Before – Freelance Tools Overload

I finally downsized my technology, and have successfully operated using an iPhone and an IBM ThinkPad for about six months now.  Previous to the freelance-tools shakedown, my day consisted of writing on an IBM Thinkpad (an old, 9 pound dinosaur), working out with my pink iPod mini, jumping on a conference call using my cell phone, and traveling to meetings with my Lenovo netbook.  The plate of spaghetti under my desk consisted of cords, zip-ties, and various dust balls.

My first step was to upgrade to an iPhone and move all of my iPod files to the phone. Shortly after that, I upgraded to a new 4 pound Lenovo Thinkpad laptop.  Whew!

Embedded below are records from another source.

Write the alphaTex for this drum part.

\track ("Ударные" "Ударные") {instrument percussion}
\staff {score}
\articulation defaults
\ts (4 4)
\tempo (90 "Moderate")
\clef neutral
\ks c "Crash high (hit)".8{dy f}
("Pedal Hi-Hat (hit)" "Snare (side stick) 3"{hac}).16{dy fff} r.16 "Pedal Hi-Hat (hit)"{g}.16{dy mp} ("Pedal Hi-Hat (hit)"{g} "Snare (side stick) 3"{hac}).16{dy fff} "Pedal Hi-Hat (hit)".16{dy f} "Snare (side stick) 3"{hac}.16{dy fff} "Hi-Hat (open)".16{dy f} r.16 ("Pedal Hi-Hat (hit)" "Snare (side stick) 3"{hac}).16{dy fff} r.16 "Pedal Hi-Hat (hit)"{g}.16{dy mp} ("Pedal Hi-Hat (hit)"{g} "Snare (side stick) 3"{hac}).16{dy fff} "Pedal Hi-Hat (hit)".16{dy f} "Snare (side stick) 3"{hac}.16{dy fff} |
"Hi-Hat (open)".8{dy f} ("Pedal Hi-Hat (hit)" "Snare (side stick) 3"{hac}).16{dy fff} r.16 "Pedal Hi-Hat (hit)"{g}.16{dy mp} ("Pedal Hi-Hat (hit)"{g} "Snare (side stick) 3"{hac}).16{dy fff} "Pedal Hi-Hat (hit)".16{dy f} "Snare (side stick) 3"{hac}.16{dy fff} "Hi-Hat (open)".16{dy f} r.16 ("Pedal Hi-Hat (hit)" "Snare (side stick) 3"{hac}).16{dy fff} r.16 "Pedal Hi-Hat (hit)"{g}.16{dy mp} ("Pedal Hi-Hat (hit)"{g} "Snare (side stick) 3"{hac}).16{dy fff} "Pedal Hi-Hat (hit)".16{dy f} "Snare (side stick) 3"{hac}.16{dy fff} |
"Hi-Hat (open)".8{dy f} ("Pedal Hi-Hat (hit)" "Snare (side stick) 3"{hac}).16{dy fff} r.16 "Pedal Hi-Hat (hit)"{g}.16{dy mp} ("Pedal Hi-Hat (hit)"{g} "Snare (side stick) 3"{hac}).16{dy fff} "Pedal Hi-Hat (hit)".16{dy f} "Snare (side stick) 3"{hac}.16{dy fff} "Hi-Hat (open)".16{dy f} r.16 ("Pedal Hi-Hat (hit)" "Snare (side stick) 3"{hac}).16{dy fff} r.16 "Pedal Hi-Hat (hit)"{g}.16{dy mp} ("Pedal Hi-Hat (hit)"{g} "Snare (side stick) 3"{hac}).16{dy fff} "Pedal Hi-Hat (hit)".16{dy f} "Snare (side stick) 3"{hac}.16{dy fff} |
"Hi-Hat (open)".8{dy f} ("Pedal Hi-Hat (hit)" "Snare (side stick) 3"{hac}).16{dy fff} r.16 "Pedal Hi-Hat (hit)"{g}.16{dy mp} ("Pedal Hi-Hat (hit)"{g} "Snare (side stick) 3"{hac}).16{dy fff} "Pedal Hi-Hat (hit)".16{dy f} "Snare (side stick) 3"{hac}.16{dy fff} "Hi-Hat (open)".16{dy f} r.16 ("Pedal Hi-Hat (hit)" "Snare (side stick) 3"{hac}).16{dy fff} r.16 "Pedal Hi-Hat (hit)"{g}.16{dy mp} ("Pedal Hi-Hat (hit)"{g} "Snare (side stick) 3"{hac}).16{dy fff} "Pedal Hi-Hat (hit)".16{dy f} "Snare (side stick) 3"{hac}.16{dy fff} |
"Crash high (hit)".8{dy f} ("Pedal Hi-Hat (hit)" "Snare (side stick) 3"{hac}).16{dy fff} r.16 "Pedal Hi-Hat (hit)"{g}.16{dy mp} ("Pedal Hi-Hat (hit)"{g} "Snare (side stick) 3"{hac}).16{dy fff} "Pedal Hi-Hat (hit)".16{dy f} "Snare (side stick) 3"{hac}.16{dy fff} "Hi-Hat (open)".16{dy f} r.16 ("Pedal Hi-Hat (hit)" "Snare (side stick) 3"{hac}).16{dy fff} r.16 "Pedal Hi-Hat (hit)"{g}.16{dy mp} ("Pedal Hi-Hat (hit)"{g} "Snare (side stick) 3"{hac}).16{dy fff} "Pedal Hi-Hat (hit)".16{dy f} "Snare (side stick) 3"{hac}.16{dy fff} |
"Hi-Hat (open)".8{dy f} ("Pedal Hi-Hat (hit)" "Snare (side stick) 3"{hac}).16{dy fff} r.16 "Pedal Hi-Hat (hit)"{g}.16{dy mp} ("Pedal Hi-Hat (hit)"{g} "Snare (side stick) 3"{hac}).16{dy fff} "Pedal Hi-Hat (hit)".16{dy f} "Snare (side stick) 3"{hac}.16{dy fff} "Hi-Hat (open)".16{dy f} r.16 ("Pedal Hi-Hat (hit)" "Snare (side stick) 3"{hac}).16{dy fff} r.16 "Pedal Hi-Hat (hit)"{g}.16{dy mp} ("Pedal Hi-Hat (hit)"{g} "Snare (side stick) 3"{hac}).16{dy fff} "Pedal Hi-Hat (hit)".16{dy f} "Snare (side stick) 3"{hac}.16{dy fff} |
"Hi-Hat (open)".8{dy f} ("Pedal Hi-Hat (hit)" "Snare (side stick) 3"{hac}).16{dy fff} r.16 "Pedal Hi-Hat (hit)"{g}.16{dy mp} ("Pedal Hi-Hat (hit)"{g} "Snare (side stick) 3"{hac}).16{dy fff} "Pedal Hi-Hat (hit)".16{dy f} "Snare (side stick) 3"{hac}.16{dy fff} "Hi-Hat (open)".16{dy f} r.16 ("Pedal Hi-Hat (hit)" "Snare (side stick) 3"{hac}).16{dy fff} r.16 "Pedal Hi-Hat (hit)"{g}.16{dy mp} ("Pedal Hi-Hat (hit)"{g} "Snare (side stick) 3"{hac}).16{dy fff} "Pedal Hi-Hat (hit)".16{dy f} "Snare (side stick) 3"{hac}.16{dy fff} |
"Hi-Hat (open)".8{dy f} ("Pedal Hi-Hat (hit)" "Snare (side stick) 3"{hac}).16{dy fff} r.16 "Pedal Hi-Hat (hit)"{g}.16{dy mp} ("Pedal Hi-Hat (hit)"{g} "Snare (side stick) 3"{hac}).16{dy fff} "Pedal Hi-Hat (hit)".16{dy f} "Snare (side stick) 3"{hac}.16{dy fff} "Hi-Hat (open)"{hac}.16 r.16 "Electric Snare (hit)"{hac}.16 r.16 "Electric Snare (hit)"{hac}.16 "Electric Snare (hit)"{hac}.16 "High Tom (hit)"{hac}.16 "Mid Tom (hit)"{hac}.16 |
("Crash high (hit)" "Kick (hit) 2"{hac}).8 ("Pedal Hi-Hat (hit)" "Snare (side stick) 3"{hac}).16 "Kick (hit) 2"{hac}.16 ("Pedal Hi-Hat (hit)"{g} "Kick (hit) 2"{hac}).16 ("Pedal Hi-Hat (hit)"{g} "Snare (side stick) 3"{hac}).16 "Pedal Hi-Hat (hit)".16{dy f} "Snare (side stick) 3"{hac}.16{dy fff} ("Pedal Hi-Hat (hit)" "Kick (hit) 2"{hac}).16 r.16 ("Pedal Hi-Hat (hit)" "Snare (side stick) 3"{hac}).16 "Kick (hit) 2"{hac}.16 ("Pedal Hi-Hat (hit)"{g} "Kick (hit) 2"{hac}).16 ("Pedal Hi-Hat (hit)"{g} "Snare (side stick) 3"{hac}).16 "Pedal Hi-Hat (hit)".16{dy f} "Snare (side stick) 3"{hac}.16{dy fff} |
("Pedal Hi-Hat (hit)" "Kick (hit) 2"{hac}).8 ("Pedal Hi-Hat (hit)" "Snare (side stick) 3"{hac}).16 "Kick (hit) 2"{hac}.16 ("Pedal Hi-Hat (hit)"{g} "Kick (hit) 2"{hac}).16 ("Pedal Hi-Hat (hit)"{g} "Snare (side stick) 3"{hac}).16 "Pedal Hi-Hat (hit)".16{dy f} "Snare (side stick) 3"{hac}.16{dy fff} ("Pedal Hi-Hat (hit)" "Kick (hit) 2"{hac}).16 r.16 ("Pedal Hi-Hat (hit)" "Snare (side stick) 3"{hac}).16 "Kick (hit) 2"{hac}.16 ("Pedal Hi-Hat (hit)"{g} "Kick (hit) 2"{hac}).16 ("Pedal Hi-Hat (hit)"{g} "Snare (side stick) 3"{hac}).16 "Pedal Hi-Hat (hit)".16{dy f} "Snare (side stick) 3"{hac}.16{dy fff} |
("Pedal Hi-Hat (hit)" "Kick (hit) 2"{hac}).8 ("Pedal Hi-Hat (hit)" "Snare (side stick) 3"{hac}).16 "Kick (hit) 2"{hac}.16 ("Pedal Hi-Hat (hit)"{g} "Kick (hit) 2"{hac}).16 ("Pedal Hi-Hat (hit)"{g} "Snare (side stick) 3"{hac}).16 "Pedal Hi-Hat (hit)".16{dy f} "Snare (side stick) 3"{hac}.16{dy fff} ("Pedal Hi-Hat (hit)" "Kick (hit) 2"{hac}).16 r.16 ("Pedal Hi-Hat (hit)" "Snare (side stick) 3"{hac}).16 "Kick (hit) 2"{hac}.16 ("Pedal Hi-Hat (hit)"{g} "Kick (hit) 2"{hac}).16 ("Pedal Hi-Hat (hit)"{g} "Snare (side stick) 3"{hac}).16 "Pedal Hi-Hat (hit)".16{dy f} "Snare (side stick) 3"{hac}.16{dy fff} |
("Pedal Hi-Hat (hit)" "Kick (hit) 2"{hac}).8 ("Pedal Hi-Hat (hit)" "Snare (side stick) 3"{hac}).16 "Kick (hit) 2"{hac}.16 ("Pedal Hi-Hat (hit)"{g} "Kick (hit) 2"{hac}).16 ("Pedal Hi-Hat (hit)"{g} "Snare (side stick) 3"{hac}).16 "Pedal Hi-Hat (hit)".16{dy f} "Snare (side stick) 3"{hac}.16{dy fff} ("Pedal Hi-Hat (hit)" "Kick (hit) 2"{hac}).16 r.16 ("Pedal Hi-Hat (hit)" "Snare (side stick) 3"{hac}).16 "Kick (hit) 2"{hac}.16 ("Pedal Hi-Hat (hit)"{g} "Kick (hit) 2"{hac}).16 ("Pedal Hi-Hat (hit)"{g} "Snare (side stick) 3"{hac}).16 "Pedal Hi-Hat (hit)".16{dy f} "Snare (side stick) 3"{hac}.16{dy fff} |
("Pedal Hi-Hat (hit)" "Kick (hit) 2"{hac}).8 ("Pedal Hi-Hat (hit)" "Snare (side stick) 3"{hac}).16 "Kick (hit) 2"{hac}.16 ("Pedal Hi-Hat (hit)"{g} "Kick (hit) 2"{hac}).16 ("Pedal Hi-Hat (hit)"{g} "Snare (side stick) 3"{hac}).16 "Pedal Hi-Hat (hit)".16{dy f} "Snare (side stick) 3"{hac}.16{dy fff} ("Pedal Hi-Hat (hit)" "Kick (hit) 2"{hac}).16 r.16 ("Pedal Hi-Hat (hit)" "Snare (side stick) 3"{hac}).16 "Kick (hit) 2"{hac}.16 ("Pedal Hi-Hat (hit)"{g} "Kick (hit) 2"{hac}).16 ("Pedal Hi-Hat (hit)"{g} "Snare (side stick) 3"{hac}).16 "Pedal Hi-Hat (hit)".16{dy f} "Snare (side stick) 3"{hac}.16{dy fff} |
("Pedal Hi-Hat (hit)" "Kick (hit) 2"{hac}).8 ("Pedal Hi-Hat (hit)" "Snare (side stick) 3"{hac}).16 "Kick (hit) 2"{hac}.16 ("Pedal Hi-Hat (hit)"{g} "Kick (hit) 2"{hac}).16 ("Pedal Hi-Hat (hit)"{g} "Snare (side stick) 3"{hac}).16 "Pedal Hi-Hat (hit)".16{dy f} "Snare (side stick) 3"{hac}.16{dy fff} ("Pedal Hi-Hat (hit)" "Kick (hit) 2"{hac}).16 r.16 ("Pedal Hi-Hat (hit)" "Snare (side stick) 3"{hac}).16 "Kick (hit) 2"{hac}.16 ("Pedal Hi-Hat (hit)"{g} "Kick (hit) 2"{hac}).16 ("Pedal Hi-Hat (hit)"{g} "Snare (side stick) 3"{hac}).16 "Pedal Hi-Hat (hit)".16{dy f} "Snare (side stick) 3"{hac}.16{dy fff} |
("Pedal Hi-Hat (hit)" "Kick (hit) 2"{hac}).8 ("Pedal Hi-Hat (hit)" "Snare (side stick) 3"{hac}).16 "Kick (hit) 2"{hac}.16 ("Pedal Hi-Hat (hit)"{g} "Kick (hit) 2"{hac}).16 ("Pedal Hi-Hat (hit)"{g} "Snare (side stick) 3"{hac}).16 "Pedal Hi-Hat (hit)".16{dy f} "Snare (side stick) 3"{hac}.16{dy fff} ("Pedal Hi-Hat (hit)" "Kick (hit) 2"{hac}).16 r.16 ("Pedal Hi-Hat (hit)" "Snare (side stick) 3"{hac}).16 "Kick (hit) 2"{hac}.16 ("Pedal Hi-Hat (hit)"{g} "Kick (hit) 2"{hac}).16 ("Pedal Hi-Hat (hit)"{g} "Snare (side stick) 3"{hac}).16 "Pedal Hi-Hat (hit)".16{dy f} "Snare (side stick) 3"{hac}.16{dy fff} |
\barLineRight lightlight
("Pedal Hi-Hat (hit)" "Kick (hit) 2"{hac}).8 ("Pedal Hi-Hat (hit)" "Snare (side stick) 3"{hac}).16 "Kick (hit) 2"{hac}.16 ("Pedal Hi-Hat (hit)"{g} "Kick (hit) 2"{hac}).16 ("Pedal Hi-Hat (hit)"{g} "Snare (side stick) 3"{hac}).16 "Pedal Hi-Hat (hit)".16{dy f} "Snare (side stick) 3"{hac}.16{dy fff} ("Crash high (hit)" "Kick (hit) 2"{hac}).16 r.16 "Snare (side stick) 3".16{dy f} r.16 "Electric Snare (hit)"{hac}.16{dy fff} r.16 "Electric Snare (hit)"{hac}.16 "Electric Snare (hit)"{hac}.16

Most of my work is done in a hosted environment.  I use Gmail and Google Calendar for my personal email and scheduling, and my blog is in WordPress.  Also in the mix are a couple of websites that I edit in WYSIWYG WebBuilder 9, an upload using Filezilla, which are programs installed on my laptop.  The work I do for clients uses the Outlook Web Access interface, and various hosted platforms like Salesforce, Hubspot, Google Analytics, MindMatrix, and various SEO analysis tools.  Data backup is handled through MOZY (the 125GB package) and I have SugarSync installed.  (a complete list of programs and apps is included at the end of this post)

And then, I got an iPad.

During – Freelance Tools Learning Curve

I observed my new iPad for a long time as it sat comfortably in the corner of my office, nestled in its shiny, white, draw-string bag, and I contemplated how to integrate this sexy little piece of art into my daily life. While making the purchase, it had taken me 45 minutes just to choose a Smart Cover.  The sales person Jon said, “this is very common, it takes people longer to choose the cover, than it does to choose the iPad.”  His attempt to make me feel “normal” was appreciated.

iPad in the box

A week passed, and the iPad remained in the bag. Just like Repo Man’s “plate of shrimp”, everywhere I looked, I saw people using iPads. Fancy women in clothes comparable to the vicious threads of “The Good Wife” (best wardrobe on television) were swiping and tapping away in coffee shops and in airports.  Dreadlocked hippies were taking panoramic videos via deadhead spiraling dance maneuvers, and children were completing mazes and learning to read.  I couldn’t throw a crouton without hitting an iPad.

After – Freelance Tools Success (eventually) 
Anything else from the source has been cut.